The Morning Meeting with Al Tompkins is a daily Poynter briefing of story ideas worth considering and other timely context for journalists, written by senior faculty Al Tompkins. Sign up here to have it delivered to your inbox every weekday morning.
My guess is the states of Tennessee, South Carolina and Alabama won’t be using their new exclusive club membership to the CDC’s Purple Club as a recruiting tool. The CDC added a new color to their flu outbreak chart because simply saying the number was “high” does not adequately describe the outbreak in some of the country.
The CDC used to stop its alerts with “high.”
Seniors and small children are the sickest.
In a two-week period, flu rates among seniors and young children doubled in the United States.
Some local jurisdictions also report data to the CDC. Of those with data available, the metro areas of San Antonio, Texas; Memphis, Tennessee; Champaign-Urbana, Illinois; and Columbus, Georgia, had “very high” levels.
The map isn’t based off confirmed influenza lab tests, but rather tracks where people are going to the doctor with flu-like symptoms (respiratory illness and fever, plus a cough or sore throat). Because of that, the map “may capture patient visits due to other respiratory pathogens that cause similar symptoms,” the CDC explains.

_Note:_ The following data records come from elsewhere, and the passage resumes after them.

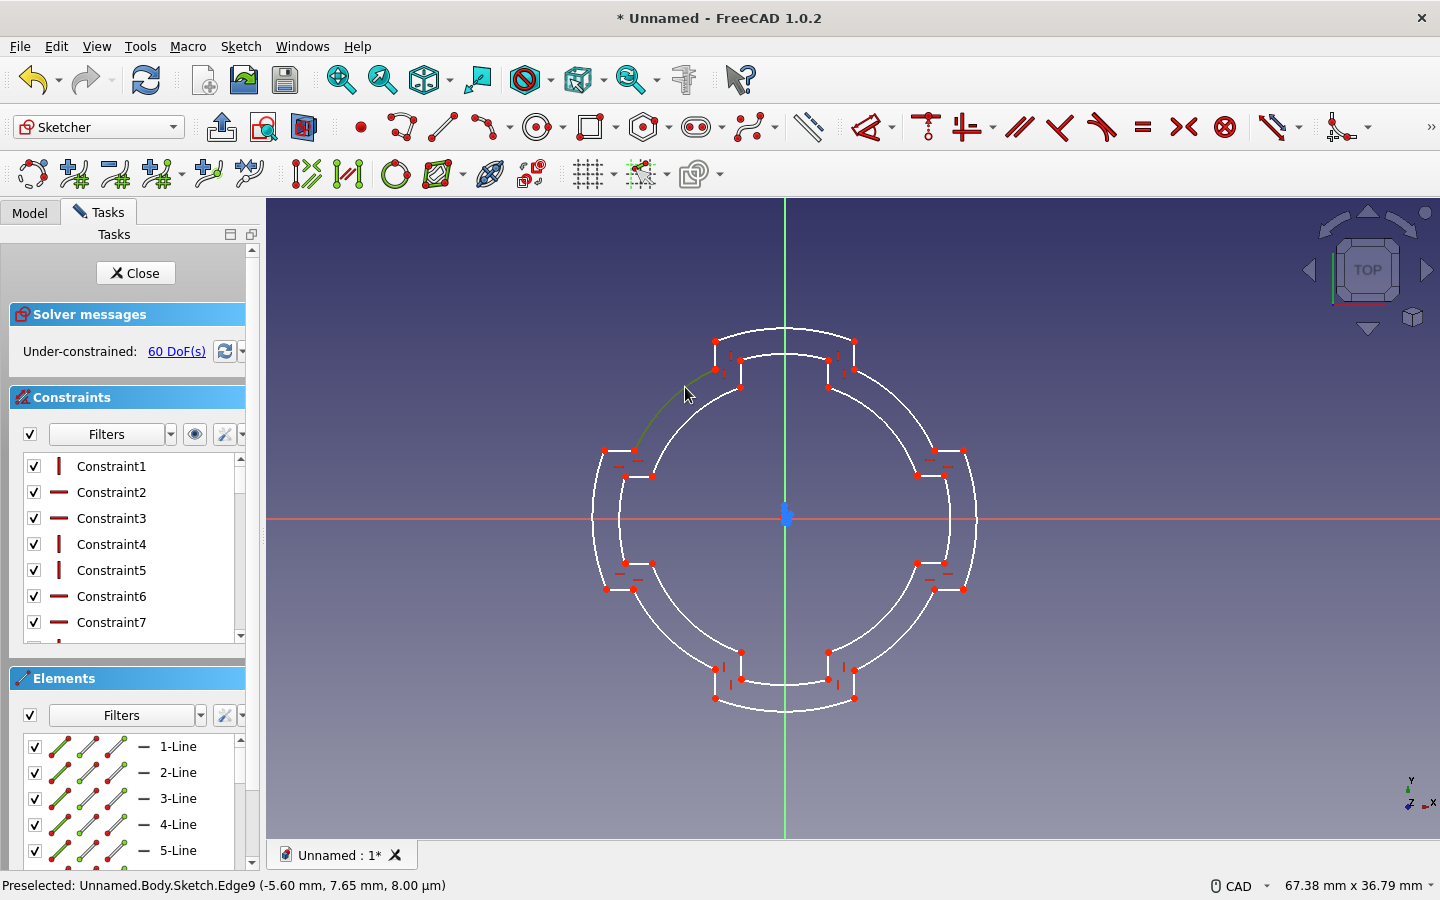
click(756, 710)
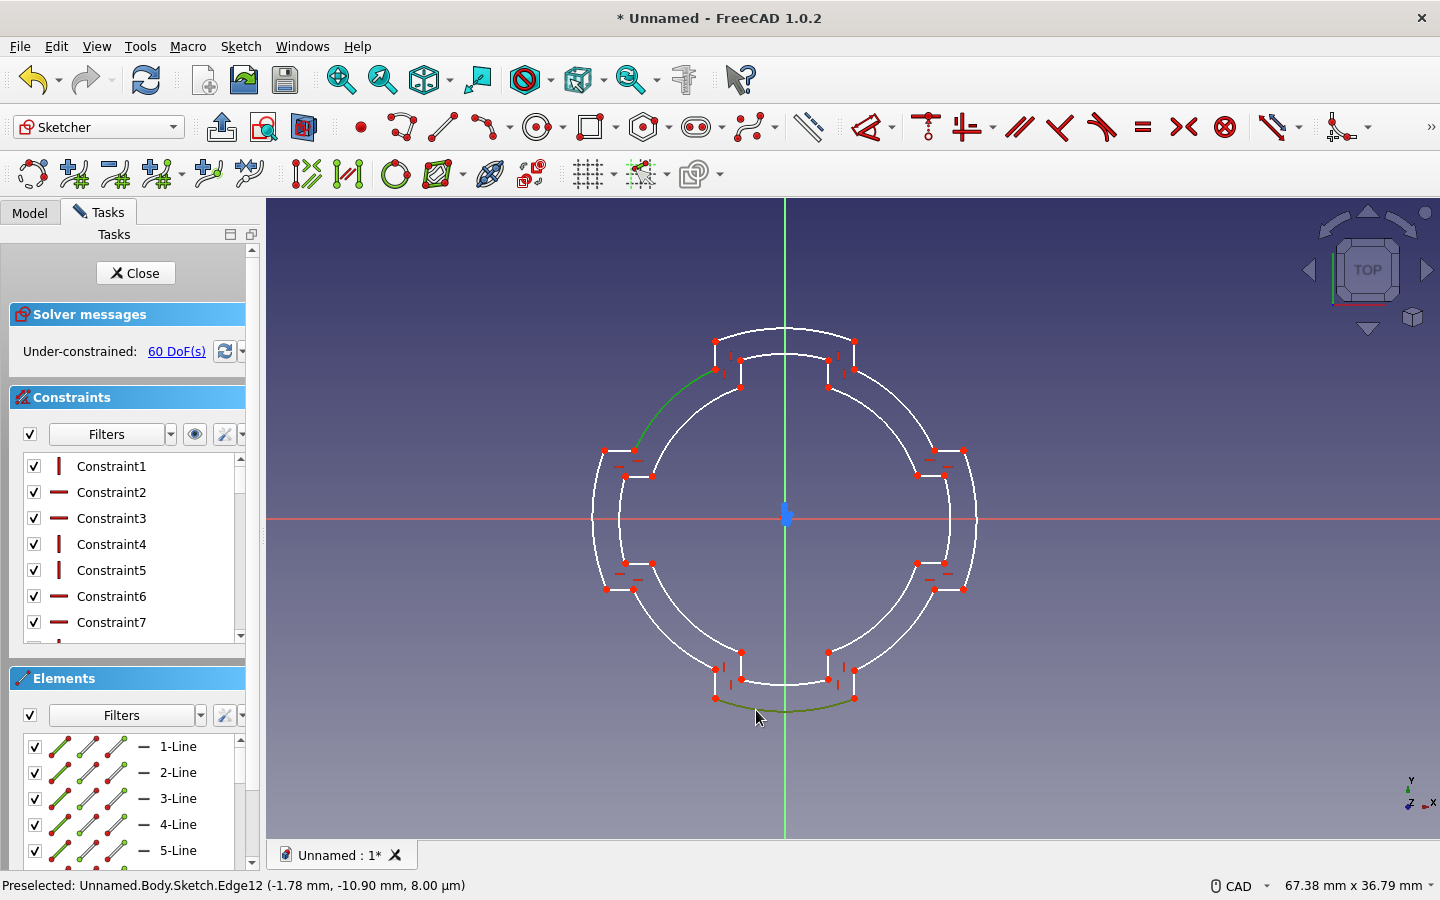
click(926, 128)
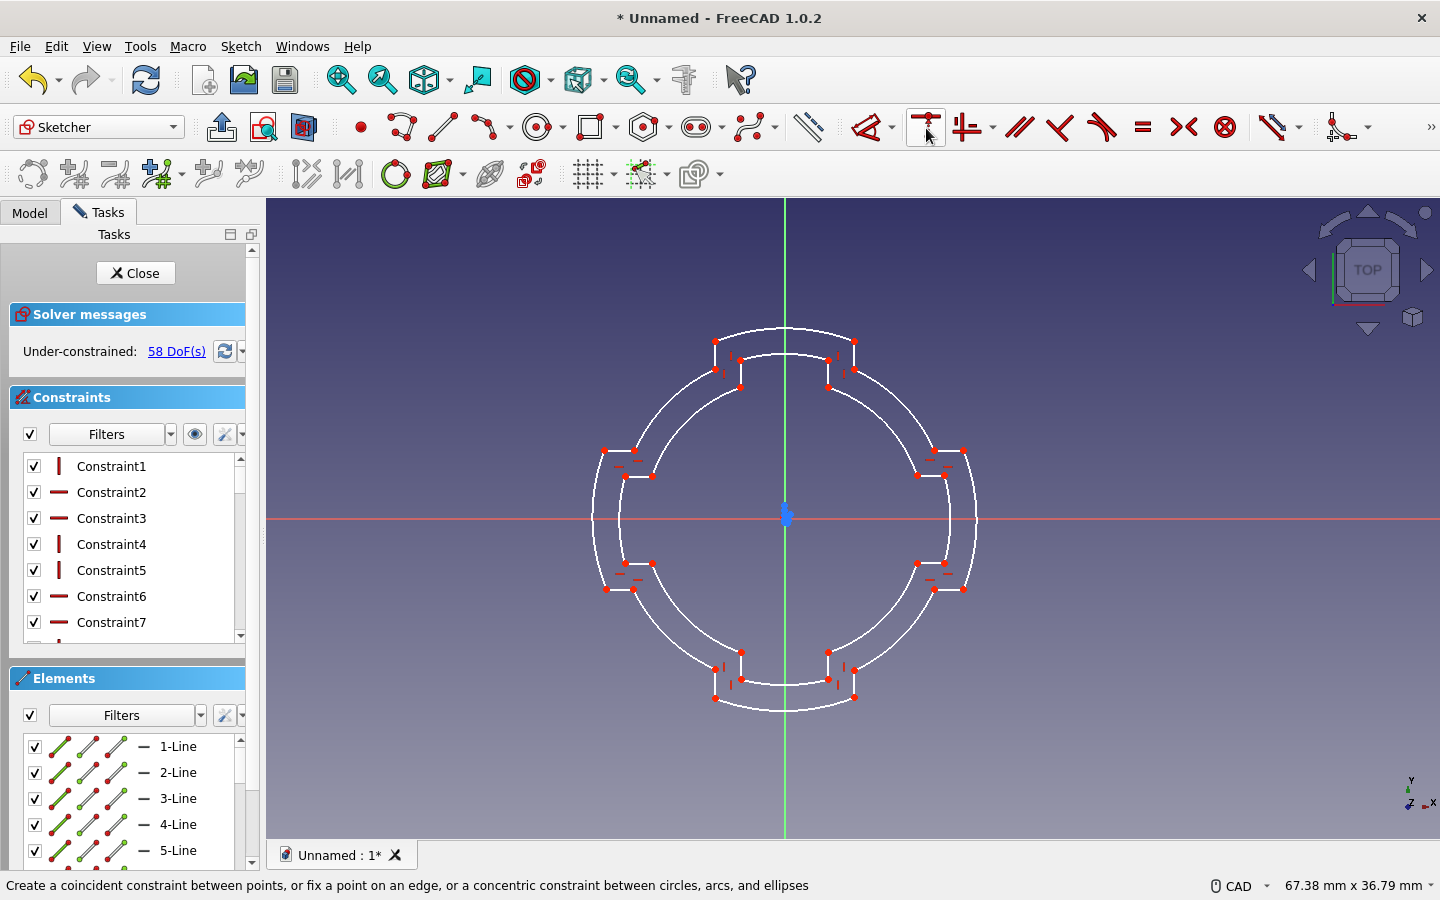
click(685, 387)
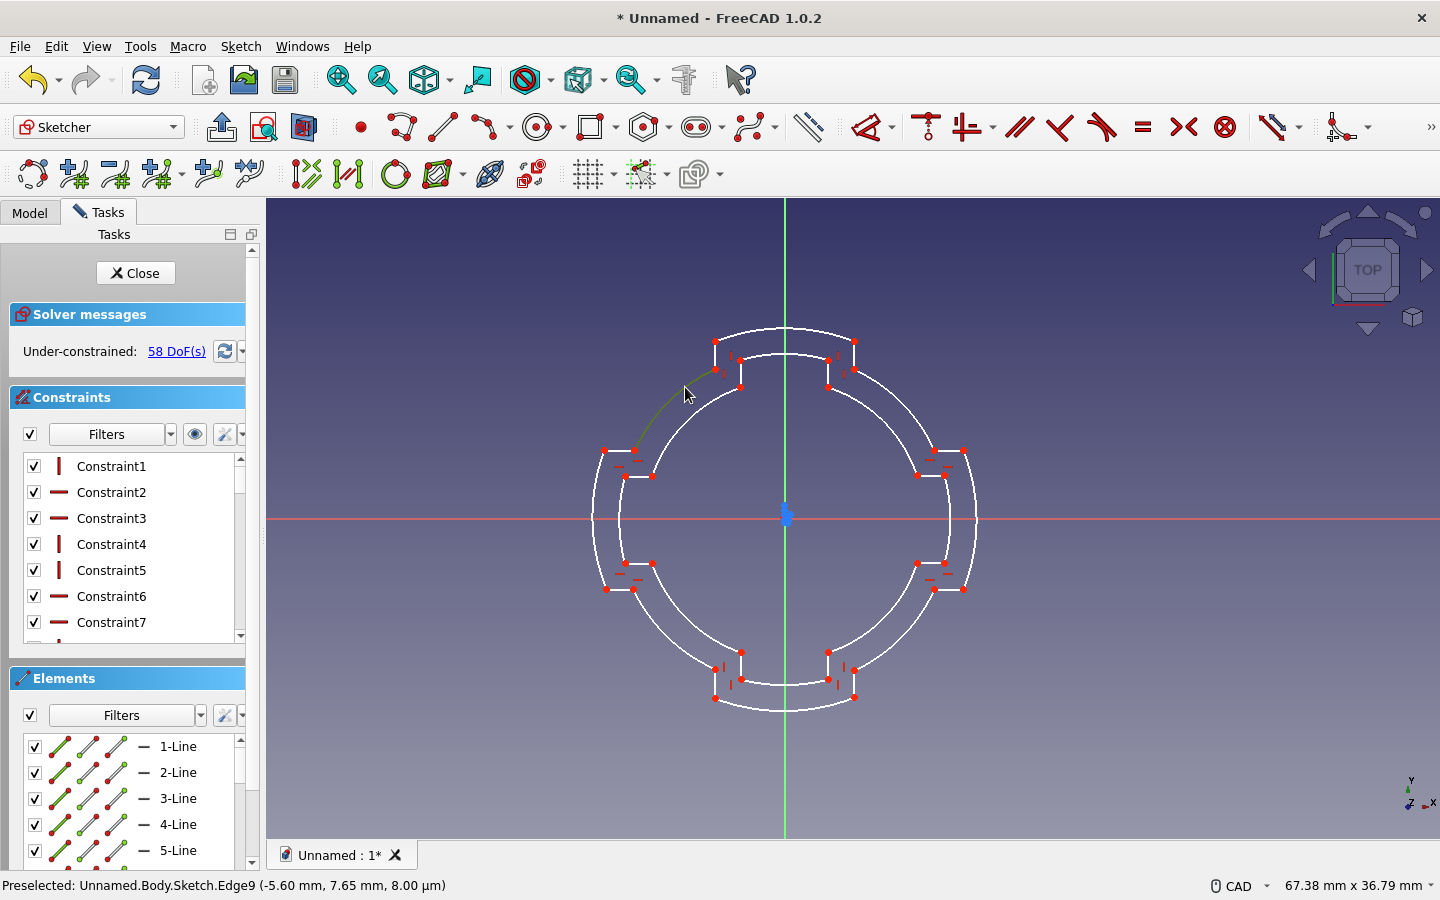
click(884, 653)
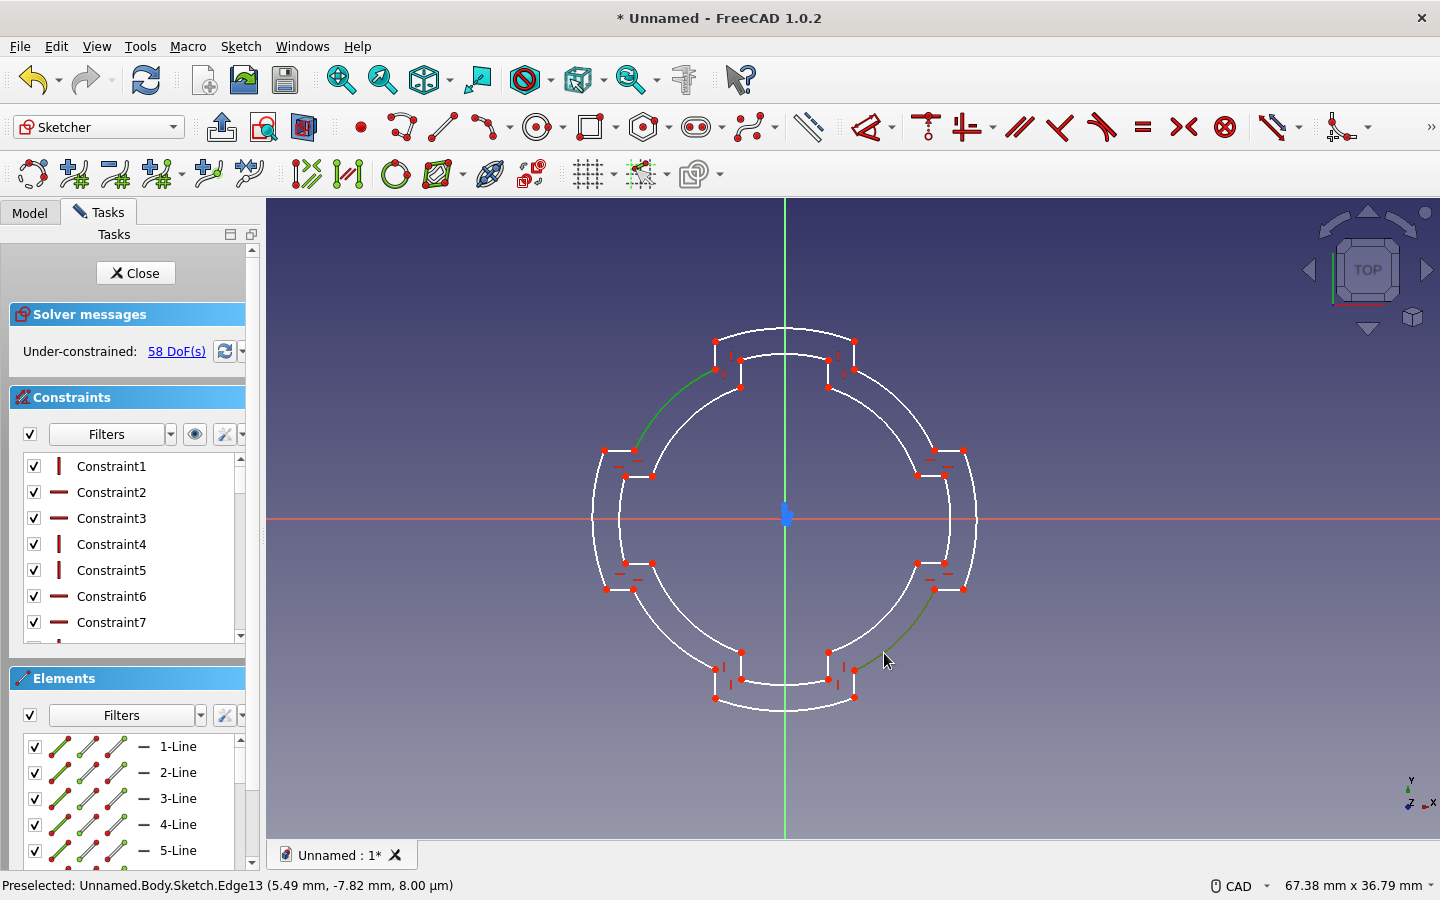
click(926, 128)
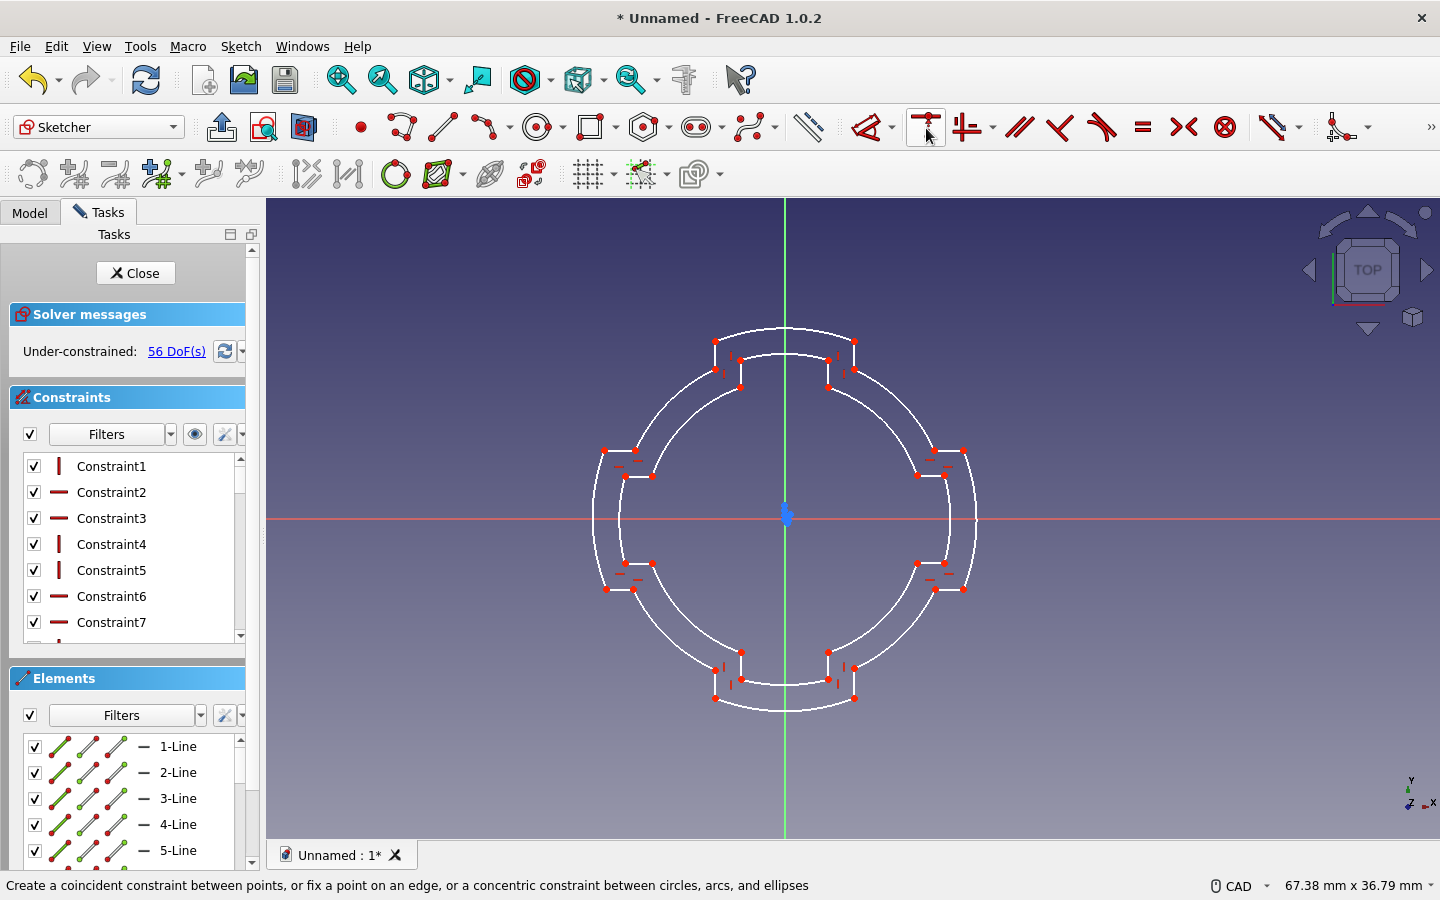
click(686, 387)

The French National Academy of Medicine just recommended that seniors and people with major health problems start wearing masks when they are around other people. French authorities say the country is already facing an epidemic-level flu season.
I want to show you one other CDC chart that would be easy to misread. The 2022-23 flu season line is all the way on the left. Look how much earlier in the year cases are spiking compared to recent years.
Do we find 2,600 COVID-19 deaths each week acceptable?
A day before Americans choose who leads the legislative branch of our government, nearly nobody running for office or holding office is talking publicly about the fact that 2,500 Americans are dying every week from COVID-19.
The Centers for Disease Control and Prevention reports that 3,200 people are admitted to U.S. hospitals sick with COVID-19 each day. That number is way down from the 21,000 admissions in January this year. The question is, are we satisfied with that hospitalization and fatality rate?
Most of the sick and dead are seniors. Most have been vaccinated but are not up to date on their booster vaccines. This has been going on at this rate since spring. We are making no progress, and it seems few are demanding that we do anything to lower the death and infection rate. It is as if we see 2,504 deaths a week as inevitable and acceptable, not deserving much attention or discussion.
While most Americans have been vaccinated and have gotten at least one booster dose, a pitiful few have taken advantage of the autumn booster dose that was formulated to protect against serious illness and death from the latest covid virus variants.
Wastewater COVID monitoring shows the spreading virus
Since so many people take home COVID-19 tests and do not report their results to any official database, wastewater monitoring has become an increasingly important sentry for how and where the virus is spreading, and the latest wastewater data shows reason to be concerned. The latest samples from 1,200 monitoring sites around the U.S. show more than a third of the sites detecting a large increase in the virus that causes COVID-19.
It is interesting that our positive sampling rate now is almost exactly where it was a year ago.
You can also drill down on this information to see the places where the most positive wastewater samples are showing up. Mostly it is in the upper Midwest. Click on the map for the interactive data.
There also are hotspots on the East Coast. And some of the biggest increases are in Ohio, Michigan, New York, Maine, Utah and Colorado.